**Provided entries**:
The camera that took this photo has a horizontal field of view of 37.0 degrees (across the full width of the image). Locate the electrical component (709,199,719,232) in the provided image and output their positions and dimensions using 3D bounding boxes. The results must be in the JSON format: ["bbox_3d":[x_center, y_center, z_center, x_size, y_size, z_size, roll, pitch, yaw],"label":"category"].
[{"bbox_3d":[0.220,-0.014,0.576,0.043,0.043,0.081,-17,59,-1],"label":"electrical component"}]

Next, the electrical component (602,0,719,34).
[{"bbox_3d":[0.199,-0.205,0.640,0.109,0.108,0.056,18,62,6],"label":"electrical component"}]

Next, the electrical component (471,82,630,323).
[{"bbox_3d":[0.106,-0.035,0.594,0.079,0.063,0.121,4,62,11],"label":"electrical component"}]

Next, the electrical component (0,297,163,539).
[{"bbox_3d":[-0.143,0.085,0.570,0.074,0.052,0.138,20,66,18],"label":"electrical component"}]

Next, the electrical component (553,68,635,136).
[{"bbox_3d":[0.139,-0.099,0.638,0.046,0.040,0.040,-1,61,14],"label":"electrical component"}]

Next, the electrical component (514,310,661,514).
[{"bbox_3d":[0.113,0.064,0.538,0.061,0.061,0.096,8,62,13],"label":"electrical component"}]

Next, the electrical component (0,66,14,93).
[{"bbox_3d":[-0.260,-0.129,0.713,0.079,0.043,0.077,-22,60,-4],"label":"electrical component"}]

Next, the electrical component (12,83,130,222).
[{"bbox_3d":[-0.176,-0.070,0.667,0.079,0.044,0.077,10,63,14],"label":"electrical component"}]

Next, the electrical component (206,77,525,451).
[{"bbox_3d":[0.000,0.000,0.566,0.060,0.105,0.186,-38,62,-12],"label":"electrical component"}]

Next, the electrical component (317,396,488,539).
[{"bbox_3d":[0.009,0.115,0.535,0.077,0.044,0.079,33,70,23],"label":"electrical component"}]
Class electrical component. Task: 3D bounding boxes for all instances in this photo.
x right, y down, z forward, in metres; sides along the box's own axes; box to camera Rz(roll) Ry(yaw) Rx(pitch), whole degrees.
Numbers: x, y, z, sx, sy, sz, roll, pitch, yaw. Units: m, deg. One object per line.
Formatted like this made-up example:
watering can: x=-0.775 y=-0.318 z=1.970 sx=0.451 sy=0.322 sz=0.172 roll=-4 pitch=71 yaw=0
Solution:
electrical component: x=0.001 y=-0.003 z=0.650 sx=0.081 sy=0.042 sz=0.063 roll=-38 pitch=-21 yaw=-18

---

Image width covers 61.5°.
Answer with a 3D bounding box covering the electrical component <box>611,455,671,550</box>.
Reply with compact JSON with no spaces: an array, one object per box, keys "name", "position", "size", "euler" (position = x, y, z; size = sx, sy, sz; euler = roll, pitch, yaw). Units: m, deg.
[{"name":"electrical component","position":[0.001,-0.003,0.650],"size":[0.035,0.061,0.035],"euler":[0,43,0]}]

**Task prompt**:
Among the entries above, find the line with "x right, y down, z" and the line with "Formatted like this"; give again exactly these two lines and all lines between them.

**Reply to the exercise**:
x right, y down, z forward, in metres; sides along the box's own axes; box to camera Rz(roll) Ry(yaw) Rx(pitch), whole degrees.
Numbers: x, y, z, sx, sy, sz, roll, pitch, yaw. Units: m, deg. One object per line.
Formatted like this made-up example:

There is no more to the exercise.